§ Problem statement
Each line that contains "HFOV" needs to be copied from the listing.

§ Data for processing
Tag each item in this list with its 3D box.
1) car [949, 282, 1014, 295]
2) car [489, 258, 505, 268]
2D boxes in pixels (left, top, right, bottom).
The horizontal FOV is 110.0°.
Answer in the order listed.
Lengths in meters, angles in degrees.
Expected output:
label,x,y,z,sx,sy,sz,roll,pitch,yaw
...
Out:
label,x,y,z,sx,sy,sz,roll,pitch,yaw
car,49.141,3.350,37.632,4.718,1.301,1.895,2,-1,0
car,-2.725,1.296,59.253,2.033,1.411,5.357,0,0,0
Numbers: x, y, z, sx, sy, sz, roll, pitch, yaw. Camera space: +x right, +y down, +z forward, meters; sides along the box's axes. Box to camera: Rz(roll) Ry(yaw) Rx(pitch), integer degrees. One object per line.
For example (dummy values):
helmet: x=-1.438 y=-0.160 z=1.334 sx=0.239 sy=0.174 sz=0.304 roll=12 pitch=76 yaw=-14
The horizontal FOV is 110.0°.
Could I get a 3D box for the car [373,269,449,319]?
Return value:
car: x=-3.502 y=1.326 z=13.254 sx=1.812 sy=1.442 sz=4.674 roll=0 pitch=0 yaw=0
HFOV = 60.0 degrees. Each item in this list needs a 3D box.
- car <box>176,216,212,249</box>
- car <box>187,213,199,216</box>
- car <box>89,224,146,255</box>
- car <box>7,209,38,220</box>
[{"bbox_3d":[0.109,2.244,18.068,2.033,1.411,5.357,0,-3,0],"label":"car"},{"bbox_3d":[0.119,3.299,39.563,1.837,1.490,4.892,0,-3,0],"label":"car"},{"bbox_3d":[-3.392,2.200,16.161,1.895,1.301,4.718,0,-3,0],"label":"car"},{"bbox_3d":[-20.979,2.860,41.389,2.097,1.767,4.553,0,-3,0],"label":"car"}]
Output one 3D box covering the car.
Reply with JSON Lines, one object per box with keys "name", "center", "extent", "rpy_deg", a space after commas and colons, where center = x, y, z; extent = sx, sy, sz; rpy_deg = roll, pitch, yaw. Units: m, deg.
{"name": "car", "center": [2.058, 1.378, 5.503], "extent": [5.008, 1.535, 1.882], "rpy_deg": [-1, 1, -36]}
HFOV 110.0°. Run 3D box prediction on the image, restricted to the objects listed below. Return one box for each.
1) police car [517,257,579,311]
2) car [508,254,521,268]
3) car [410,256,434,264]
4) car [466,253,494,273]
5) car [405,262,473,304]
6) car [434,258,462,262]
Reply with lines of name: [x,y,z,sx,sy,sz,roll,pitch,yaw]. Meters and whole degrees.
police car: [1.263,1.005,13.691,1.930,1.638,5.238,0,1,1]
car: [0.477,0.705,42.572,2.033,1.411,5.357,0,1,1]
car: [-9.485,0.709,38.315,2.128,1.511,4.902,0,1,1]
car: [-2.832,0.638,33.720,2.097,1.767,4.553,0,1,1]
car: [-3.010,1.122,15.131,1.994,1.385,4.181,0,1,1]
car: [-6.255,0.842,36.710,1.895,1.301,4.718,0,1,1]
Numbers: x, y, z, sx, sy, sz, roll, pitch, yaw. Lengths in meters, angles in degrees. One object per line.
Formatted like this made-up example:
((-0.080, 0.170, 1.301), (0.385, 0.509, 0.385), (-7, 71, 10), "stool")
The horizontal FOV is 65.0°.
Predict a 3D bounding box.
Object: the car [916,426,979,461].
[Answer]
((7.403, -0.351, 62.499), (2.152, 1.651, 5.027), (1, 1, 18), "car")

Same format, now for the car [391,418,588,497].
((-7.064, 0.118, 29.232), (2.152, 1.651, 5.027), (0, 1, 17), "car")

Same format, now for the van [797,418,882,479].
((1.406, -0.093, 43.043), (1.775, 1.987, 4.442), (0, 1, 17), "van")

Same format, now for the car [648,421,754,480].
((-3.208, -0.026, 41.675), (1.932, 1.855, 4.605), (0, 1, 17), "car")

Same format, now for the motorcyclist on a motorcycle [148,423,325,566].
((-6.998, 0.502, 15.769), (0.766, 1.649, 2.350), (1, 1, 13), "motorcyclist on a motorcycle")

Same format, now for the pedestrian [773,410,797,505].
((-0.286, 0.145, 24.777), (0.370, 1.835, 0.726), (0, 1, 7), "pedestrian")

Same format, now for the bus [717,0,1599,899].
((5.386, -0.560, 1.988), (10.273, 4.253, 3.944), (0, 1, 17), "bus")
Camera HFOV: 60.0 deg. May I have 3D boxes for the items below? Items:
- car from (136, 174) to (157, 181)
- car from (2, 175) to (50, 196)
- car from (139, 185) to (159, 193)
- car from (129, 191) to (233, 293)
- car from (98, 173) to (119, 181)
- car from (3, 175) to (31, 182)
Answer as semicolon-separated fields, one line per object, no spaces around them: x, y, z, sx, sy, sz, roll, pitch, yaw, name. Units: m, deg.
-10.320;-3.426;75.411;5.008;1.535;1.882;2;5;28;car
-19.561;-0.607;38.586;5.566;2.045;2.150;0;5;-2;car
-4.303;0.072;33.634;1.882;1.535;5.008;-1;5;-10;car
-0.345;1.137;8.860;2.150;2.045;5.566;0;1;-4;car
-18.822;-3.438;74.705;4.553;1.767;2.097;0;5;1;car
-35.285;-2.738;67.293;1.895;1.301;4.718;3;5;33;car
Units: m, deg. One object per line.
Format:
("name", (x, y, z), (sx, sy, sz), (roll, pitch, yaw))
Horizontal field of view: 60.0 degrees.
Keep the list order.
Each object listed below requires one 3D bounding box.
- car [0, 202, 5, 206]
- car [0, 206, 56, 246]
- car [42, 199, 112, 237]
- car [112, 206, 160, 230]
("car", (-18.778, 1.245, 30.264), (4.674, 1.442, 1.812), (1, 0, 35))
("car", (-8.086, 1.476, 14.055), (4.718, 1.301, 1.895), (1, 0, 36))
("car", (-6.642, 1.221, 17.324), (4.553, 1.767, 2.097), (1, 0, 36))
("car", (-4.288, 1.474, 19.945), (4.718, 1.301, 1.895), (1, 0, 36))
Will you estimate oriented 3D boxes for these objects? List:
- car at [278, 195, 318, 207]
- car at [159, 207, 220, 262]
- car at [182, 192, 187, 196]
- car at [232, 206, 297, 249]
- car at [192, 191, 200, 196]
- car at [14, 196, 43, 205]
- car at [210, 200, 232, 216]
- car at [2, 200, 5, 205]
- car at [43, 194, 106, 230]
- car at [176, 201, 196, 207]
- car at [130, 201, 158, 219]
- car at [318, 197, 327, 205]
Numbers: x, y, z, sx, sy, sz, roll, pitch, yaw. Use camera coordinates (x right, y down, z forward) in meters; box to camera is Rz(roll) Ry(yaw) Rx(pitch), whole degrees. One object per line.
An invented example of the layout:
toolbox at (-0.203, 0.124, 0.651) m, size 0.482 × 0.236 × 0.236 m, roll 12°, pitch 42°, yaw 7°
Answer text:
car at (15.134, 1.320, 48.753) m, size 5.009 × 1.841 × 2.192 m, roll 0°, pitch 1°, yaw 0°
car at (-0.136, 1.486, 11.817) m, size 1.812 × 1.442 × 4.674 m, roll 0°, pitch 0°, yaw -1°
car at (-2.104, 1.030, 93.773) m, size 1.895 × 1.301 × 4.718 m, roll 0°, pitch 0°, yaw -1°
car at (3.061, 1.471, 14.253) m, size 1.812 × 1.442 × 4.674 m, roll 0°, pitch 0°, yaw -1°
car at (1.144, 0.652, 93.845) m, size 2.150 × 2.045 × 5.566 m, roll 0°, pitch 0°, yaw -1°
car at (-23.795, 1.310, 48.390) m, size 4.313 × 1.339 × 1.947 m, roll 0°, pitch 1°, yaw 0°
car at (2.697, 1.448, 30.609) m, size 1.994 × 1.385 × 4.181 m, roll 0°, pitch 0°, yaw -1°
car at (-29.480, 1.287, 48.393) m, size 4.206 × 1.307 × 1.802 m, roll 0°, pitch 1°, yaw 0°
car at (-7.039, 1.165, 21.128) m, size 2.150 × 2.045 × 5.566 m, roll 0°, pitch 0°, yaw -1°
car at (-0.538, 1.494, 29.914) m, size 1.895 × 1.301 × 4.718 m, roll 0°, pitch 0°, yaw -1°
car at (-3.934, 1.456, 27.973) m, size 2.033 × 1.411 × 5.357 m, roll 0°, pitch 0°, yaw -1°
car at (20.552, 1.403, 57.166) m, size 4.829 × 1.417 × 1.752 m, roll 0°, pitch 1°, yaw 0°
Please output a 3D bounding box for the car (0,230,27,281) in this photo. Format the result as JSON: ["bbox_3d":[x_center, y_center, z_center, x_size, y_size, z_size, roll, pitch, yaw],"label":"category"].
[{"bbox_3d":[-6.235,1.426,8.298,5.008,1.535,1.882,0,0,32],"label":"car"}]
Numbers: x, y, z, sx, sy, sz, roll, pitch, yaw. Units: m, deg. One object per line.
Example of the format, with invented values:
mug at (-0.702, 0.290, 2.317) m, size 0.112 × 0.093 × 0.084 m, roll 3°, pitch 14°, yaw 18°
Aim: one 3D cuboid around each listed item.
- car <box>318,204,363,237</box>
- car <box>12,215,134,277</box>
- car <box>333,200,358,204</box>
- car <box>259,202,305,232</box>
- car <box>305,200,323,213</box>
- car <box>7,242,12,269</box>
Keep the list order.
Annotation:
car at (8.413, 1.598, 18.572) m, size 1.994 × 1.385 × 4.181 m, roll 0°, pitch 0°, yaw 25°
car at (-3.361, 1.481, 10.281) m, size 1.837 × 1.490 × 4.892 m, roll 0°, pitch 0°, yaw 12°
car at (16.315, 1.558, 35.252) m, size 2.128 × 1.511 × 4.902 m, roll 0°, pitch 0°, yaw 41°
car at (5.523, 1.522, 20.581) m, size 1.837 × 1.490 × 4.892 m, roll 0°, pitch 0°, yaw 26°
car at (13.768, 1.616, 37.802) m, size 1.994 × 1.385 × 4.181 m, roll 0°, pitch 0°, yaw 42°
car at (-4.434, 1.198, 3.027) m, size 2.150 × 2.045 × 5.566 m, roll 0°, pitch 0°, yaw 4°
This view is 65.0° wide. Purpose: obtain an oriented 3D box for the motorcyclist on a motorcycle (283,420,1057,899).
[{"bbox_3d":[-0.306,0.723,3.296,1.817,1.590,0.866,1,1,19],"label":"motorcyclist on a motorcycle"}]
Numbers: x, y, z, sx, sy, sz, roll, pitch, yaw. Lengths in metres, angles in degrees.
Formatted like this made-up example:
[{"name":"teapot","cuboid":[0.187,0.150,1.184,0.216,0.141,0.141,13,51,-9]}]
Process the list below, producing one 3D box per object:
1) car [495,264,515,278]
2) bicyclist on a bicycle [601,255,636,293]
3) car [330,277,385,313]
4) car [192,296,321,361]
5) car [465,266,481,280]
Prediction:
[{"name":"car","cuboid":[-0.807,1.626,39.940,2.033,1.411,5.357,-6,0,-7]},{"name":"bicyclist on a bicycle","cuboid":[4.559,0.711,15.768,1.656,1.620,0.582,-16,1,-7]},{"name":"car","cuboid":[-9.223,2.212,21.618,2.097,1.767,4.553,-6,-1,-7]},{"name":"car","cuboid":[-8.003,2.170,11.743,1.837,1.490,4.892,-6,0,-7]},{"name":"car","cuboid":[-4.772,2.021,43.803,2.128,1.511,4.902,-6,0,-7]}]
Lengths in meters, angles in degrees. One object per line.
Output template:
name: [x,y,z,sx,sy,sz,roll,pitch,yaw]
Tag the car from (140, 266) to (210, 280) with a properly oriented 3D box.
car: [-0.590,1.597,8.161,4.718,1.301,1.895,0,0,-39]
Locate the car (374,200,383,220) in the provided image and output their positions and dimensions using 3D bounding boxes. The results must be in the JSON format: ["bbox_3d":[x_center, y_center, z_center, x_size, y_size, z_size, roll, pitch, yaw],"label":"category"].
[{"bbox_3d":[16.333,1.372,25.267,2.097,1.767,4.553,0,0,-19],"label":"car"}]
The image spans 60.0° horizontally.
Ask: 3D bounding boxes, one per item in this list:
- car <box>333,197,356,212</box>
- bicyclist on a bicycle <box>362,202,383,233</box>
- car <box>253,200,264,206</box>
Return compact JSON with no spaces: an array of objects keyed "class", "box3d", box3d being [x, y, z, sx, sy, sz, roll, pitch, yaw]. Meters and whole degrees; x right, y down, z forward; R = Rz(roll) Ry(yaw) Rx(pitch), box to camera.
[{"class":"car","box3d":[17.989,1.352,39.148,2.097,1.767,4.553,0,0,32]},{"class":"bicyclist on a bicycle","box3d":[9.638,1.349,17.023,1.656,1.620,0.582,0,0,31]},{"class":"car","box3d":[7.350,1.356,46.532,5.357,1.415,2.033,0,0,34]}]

§ Solution to this exercise
HFOV = 60.0 degrees. Each item in this list needs a 3D box.
HFOV 110.0°. Run 3D box prediction on the image, restricted to the objects listed below. Return one box for each.
Camera HFOV: 60.0 deg. May I have 3D boxes for the items below? Items:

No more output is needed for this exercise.